When I was a kid, I distinctly remember listening to non-fiction self-help-ish audiobooks as my dad drove us to karate class, the zoo, or wherever else. Alongside the likes of Zig Ziglar was Tony Robbins — a gruff-voiced guru coach who’d talk not only about motivation but also money. Cut to 25 years later and, as I scroll Audible, I see that Tony has a new book out with co-author Peter Mallouk. More accurately, The Path: Accelerating Your Journey to Financial Freedom is authored by Mallouk and featuring Robbins. So, while it’s been a long while since I’ve checked in on Tony (aside from watching the Netflix documentary about him), I decided to download The Path audiobook and give it a listen.

Normally I start off my book reviews by sharing what I liked about the book before jumping into some criticism. However, I’m gonna switch that around this time as that better reflects my experience while listening to this book. After a few chapters, I had some major doubts about The Path that ranged from the content to the quality of the audiobook narration. For one, I felt like the early chapters merely skimmed the surface of savings and investing, offering little in the way of new insights or information. Of course, I know that having these basics down is essential and that my position as a regular reviewer of such books taints my perspective, but I couldn’t help but feel bored to begin with.

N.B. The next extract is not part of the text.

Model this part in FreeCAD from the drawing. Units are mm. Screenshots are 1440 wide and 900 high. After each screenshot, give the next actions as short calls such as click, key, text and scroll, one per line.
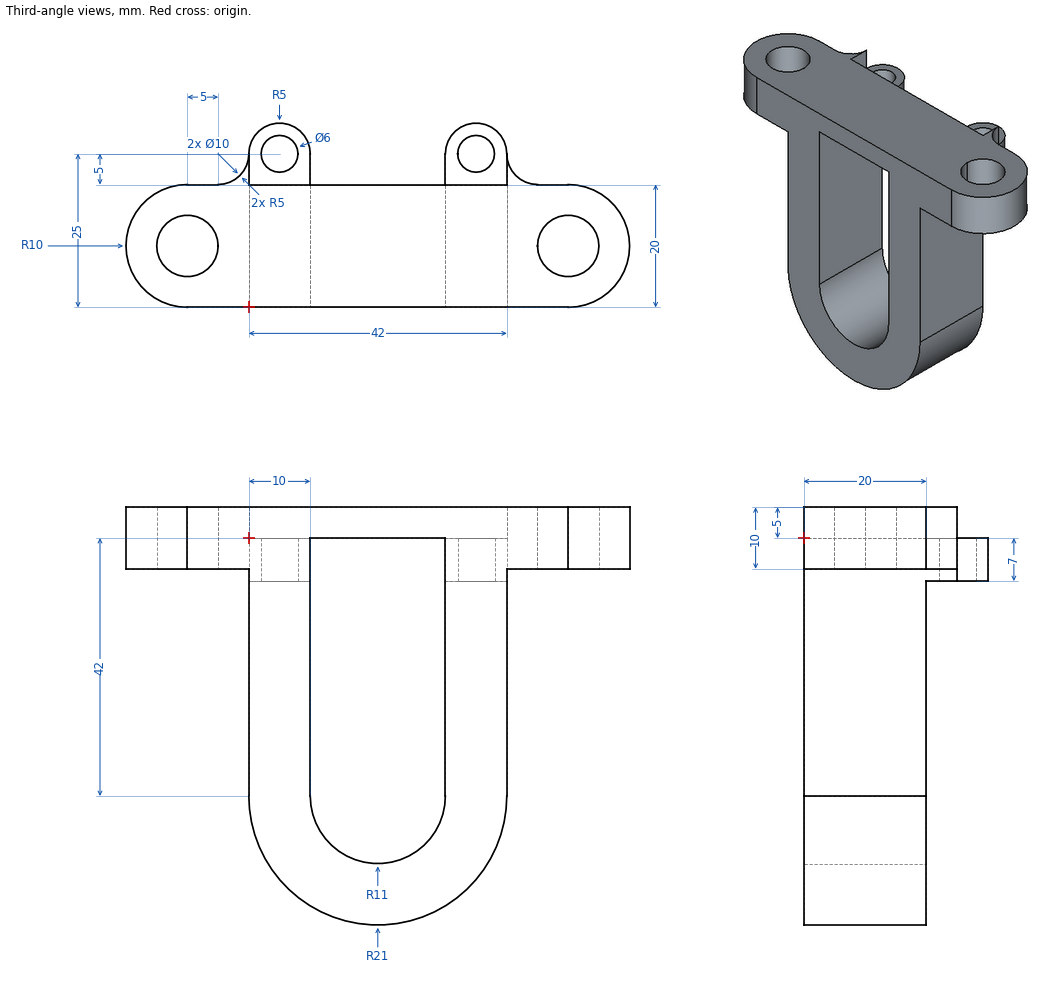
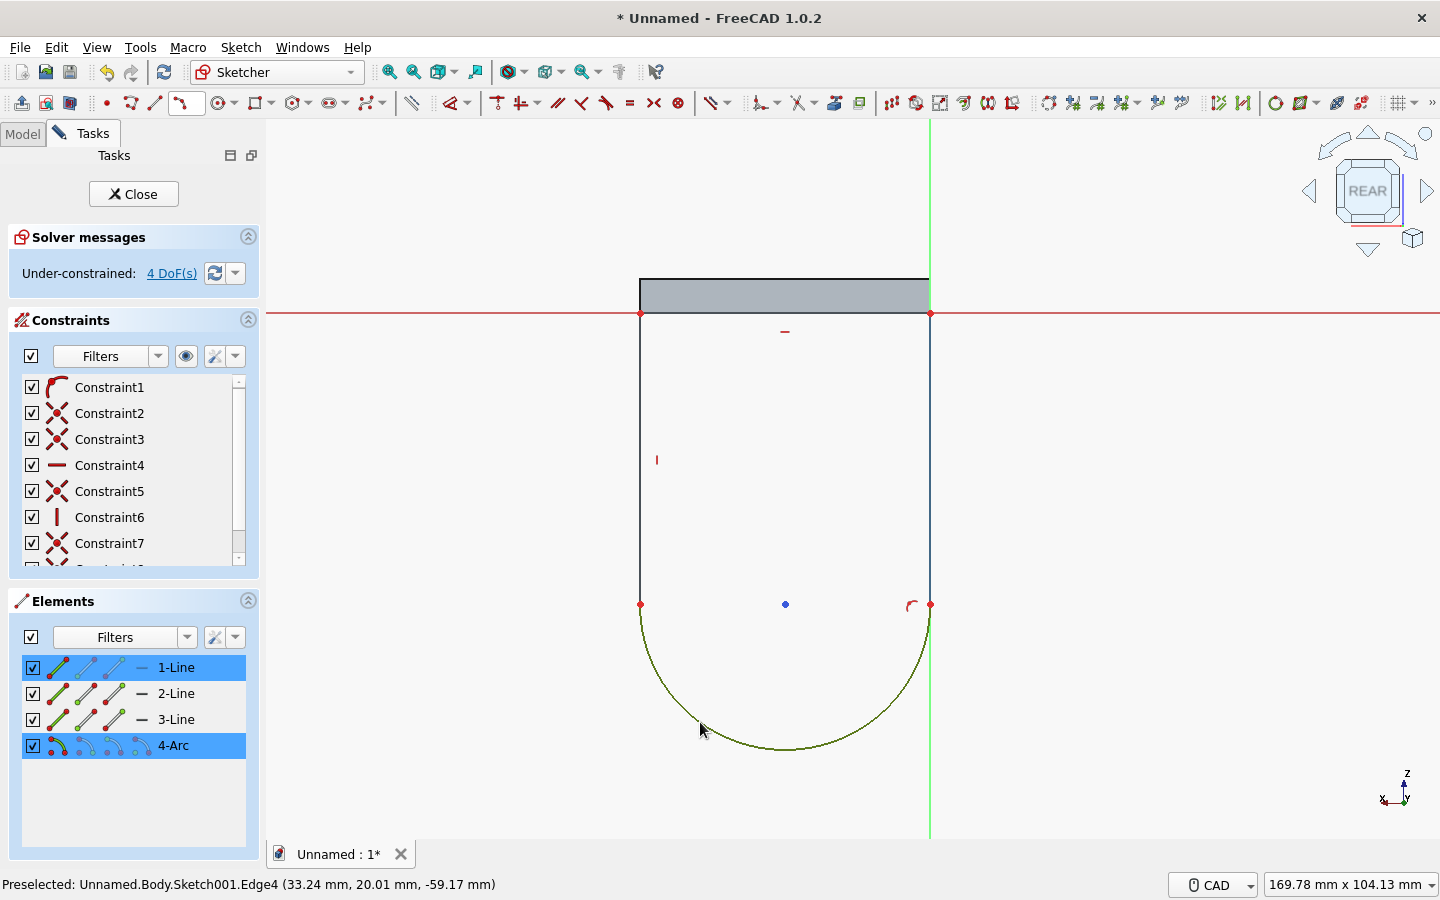
click(606, 104)

Speaking of feeling bored, I also wasn’t too impressed with Mallouk’s audio presentation of his material as he sounded borderline disinterested in what he was reading. On the whole, I’d say that I like the idea of authors reading their own audiobooks, but that doesn’t seem to apply in this case. Mallouk did seem very eager about one thing, however: promoting his business. A couple of chapters end with not just plugs for his Creative Planning services but what sounded like straight-up ad copy. I understand a certain level of this in a book of this nature but had to cringe a bit at how overt this instance was.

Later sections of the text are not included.